Reshape tensors your preserve variable information/structure

elemeo · December 27, 2021, 10:20am

I have a multidimensional dataset, (1827, 5).
From that dataset I exctract the variable I want to predict and im left with my X and y variables as such:
X has size (1827, 4) and y has size (1827, 4).

Then i further split them into train and test datasets giving 20% to the test dataset. now the shapes I have are these:

> print(X_train.shape)
> print(y_train.shape)
> print(X_test.shape)
> print(y_test.shape)

torch.Size([1461, 4])
torch.Size([1461])
torch.Size([366, 4])
torch.Size([366])

The batch size I have to use (I cannot change that) is 50.

My question is, when reshaping a tensor so as to fit my model, shouldnt I take the original dimensions into account ? By dividing the train dataset into batches of 50, I will surely put data that belongs to the same observation into different batches, simply because 50 is not divisible by 4 exactly.

My network architecture is this:

class NeuralNetwork(nn.Module):

    def __init__(self):
        super(NeuralNetwork, self).__init__()
        self.hidden1 = torch.nn.Linear(50, 25) # hidden layer
        self.hidden2 = torch.nn.Linear(25, 25) # hidden layer
        self.out = torch.nn.Linear(25, 1)      # output layer

    def forward(self, x):
        z = F.relu(self.hidden1(x)) # activation function for first hidden layer
        z = F.relu(self.hidden2(z)) # activation function for second hidden layer
        z = self.out(z)             # linear output
        return z

Im the first layer takes 50 as input because the batch size is 50, the output layer outputs 1 because im doing regression.
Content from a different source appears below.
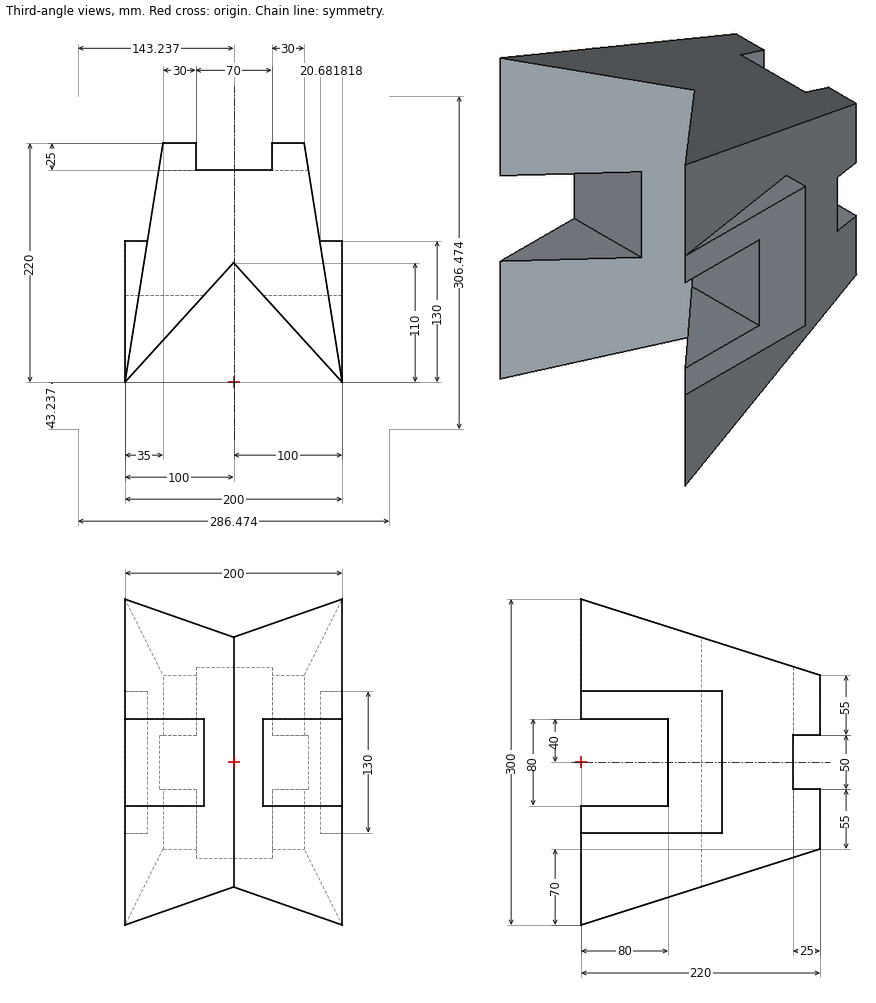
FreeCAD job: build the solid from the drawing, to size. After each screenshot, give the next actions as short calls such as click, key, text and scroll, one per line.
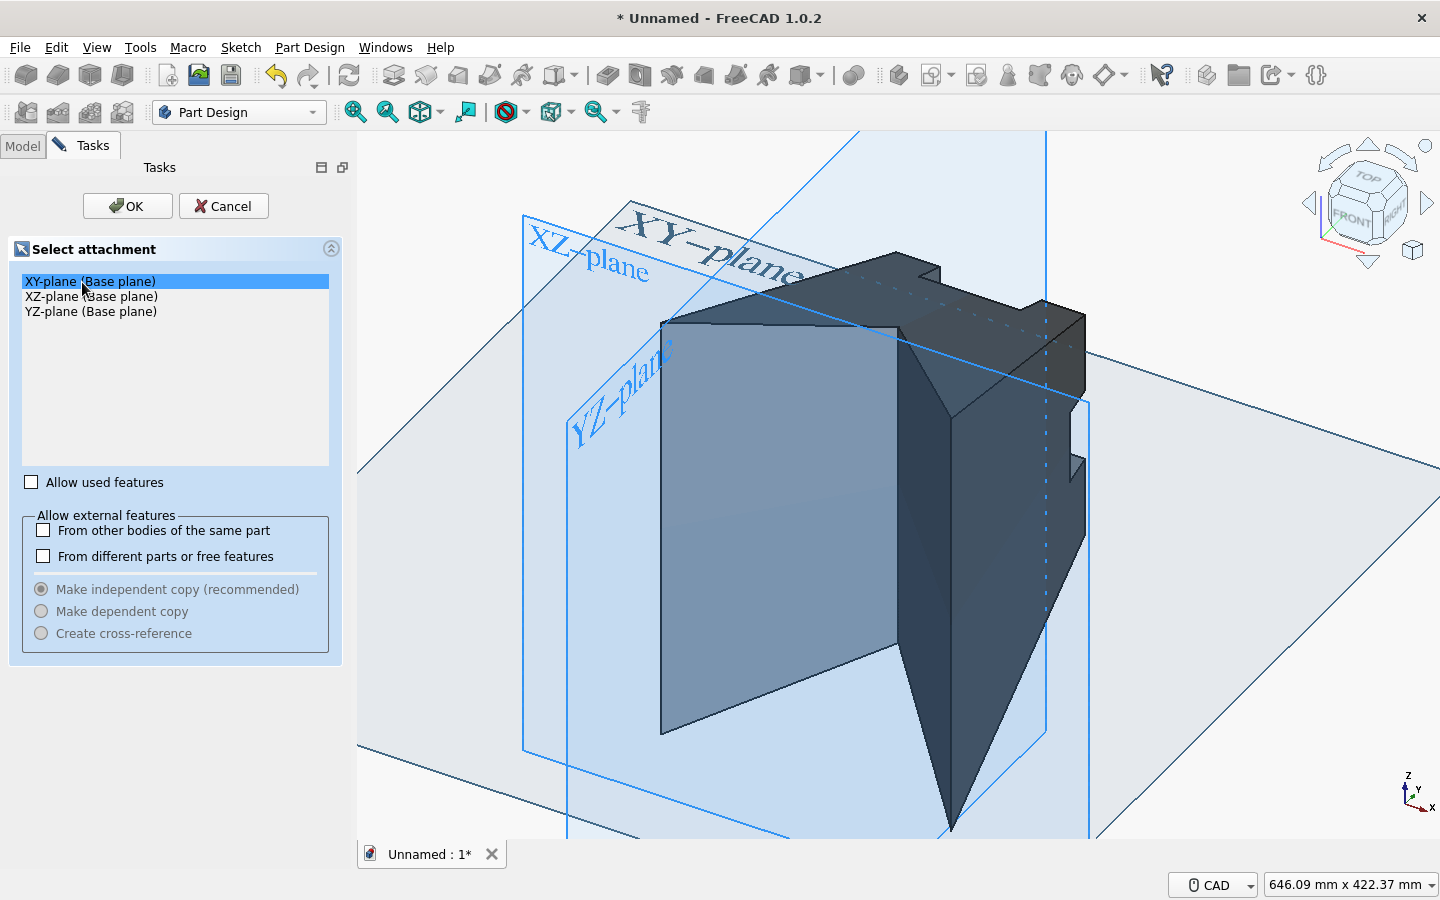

The in-between I chose 25 because I read that a good number is the median between the input and output.

This problem came to be because I tried training the model with the data as is and I got this error:

mat1 and mat2 shapes cannot be multiplied (50x4 and 50x25)

I know that by changing the layers to output 4 it will be solved but Im wondering if its better to just reshape the data to (50, 25) instead.

ptrblck · December 30, 2021, 2:38am

This seems to be wrong, since the layer dimensions are not depending on the batch size.
You should defined the layers using their expected input features, not the number of samples they would see during training/inference.
Based on your initial description you are dealing with 1827 samples where each sample has 4 features. If that’s the case, use self.hidden1 = torch.nn.Linear(4, 25) and let the DataLoader create the batches each with a shape of [50, 4] (except the last one which might be smaller).

elemeo · December 30, 2021, 9:42am

Alright so first hidden layer is based on the input features, however how was the 25 chosen ? Also, since the first layer outputs a shape of 25 then the second layer will have an input of 25 with what output ?

Other than that which I understand I’m a bit confused with what happens to variable information when a batch splits an observation into multiple batches.

ptrblck · December 30, 2021, 9:47am

I’ve reused the out_features from your code snippet as you’ve picked this number of output features.

Yes, that’s correct. The number of output features again depends on your choice.

Most layers process the samples of a batch independently so you would only see the expected abs. error due to the limited numerical precision in their outputs. Exceptions are e.g. batchnorm layers, which calculate the stats to normalize the inputs from the entire batch.

elemeo · December 30, 2021, 9:51am

Alright perfect, that helped a lot, thank you!

Kling · January 4, 2022, 10:04am

I was doing that wrong thanks for the info i was looking for.